Non-technical summary A single bout of exercise stimulates the production of new muscle proteins. Furthermore, ingesting protein in close proximity to exercise enhances the metabolic response. Long-term exercise training promotes muscle adaptation, and the mode of exercise performed determines the type of proteins that are made. To date, the types of proteins that are made when protein is ingested after endurance exercise are not known. We report that when well-trained male cyclists ingest protein with a carbohydrate drink after a high-intensity ride, production of proteins responsible for muscle contraction is increased. Proteins responsible for aerobic energy production are not responsive to protein feeding. Furthermore, specific signals within the muscle that control protein synthesis are responsive to protein ingestion, providing a potential mechanism to underpin our primary findings. These results suggest that protein feeding after intense endurance exercise may be important in maintaining the structural quality and power generating capacity of the muscle.

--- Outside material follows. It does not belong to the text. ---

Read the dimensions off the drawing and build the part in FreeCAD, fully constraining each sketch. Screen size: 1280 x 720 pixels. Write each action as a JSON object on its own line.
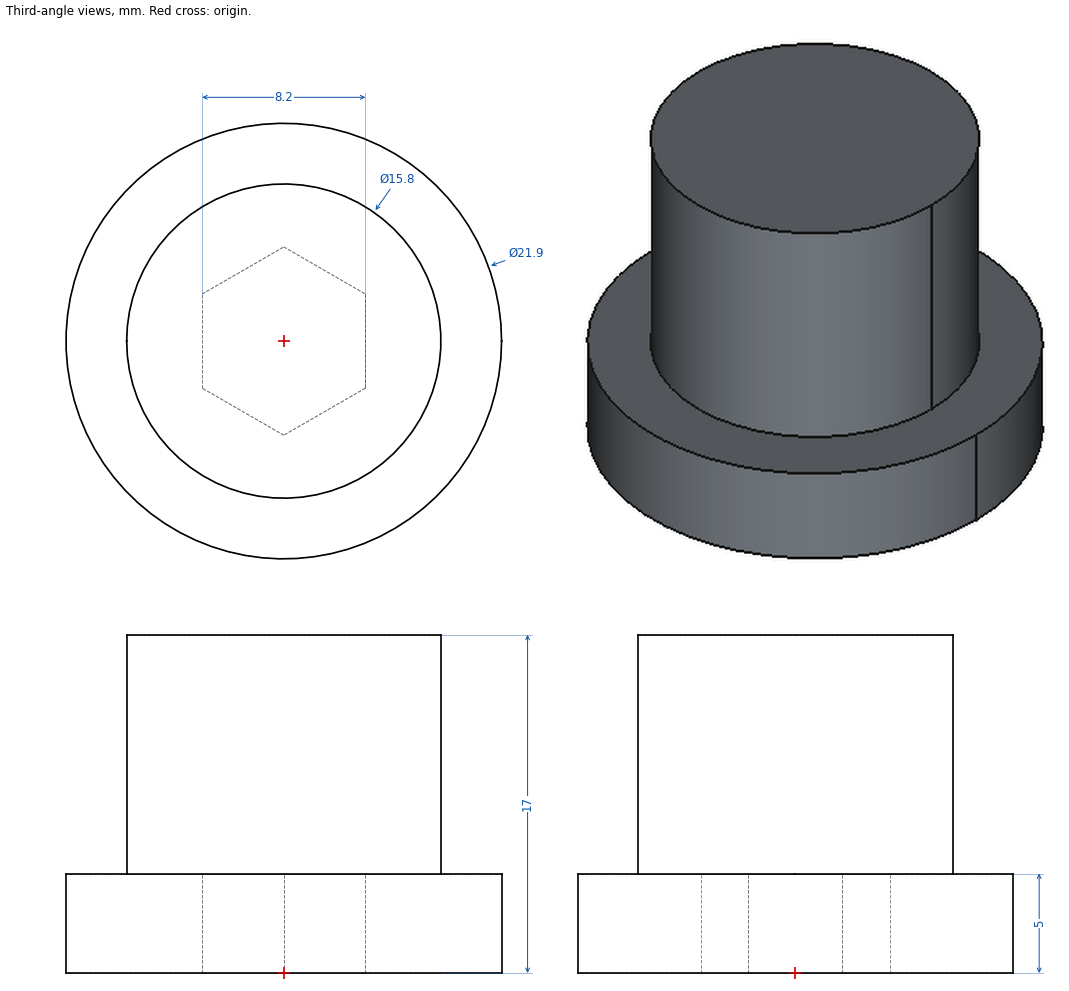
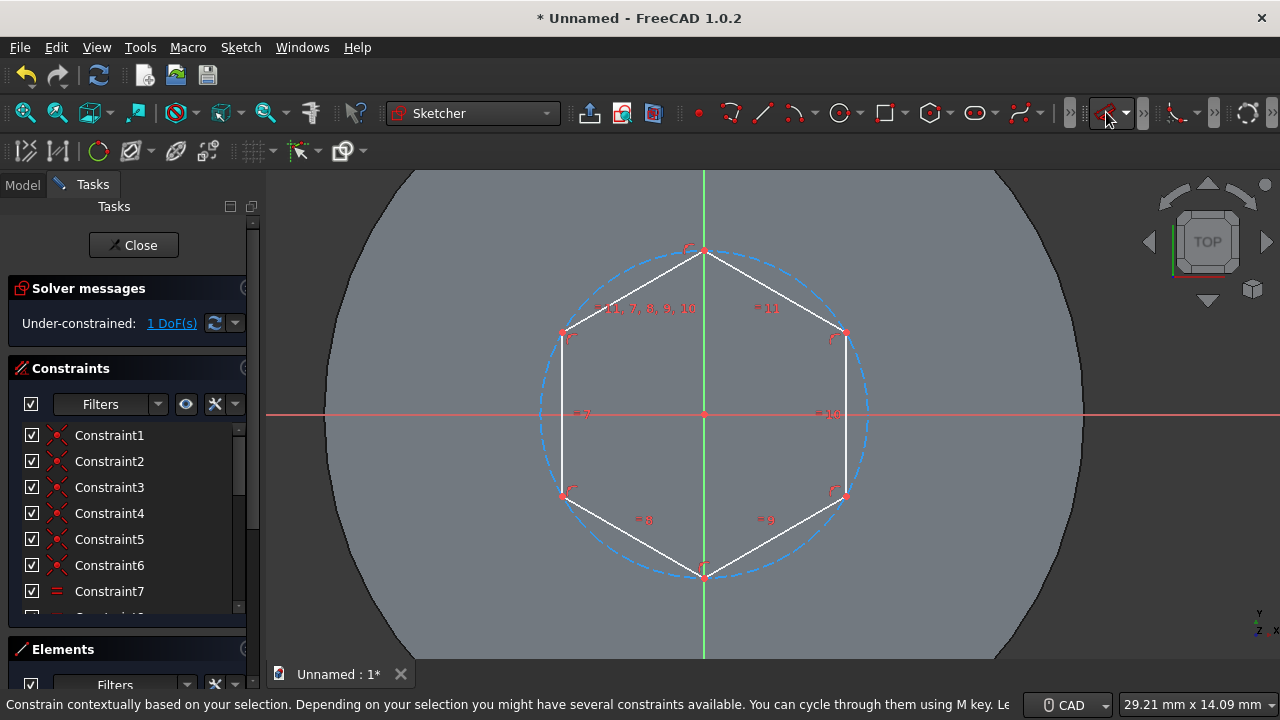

Abstract The aim of the present study was to determine mitochondrial and myofibrillar muscle protein synthesis (MPS) when carbohydrate (CHO) or carbohydrate plus protein (C+P) beverages were ingested following prolonged cycling exercise. The intracellular mechanisms thought to regulate MPS were also investigated. In a single-blind, cross-over study, 10 trained cyclists (age 29 ± 6 years, 66.5 ± 5.1 ml kg−1 min−1) completed two trials in a randomized order. Subjects cycled for 90 min at 77 ± 1% before ingesting a CHO (25 g of carbohydrate) or C+P (25 g carbohydrate + 10 g whey protein) beverage immediately and 30 min post-exercise. A primed constant infusion of l-[ring-13C6]phenylalanine began 1.5h prior to exercise and continued until 4h post-exercise. Muscle biopsy samples were obtained to determine myofibrillar and mitochondrial MPS and the phosphorylation of intracellular signalling proteins. Arterialized blood samples were obtained throughout the protocol. Plasma amino acid and urea concentrations increased following ingestion of C+P only. Serum insulin concentration increased more for C+P than CHO. Myofibrillar MPS was ∼35% greater for C+P compared with CHO (0.087 ± 0.007 and 0.057 ± 0.006%h−1, respectively; P= 0.025). Mitochondrial MPS rates were similar for C+P and CHO (0.082 ± 0.011 and 0.086 ± 0.018%h−1, respectively). mTORSer2448 phosphorylation was greater for C+P compared with CHO at 4h post-exercise (P < 0.05). p70S6KThr389 phosphorylation increased at 4h post-exercise for C+P (P < 0.05), whilst eEF2Thr56 phosphorylation increased by ∼40% at 4h post-exercise for CHO only (P < 0.01). The present study demonstrates that the ingestion of protein in addition to carbohydrate stimulates an increase in myofibrillar, but not mitochondrial, MPS following prolonged cycling. These data indicate that the increase in myofibrillar MPS for C+P could, potentially, be mediated through p70S6K, downstream of mTOR, which in turn may suppress the rise in eEF2 on translation elongation.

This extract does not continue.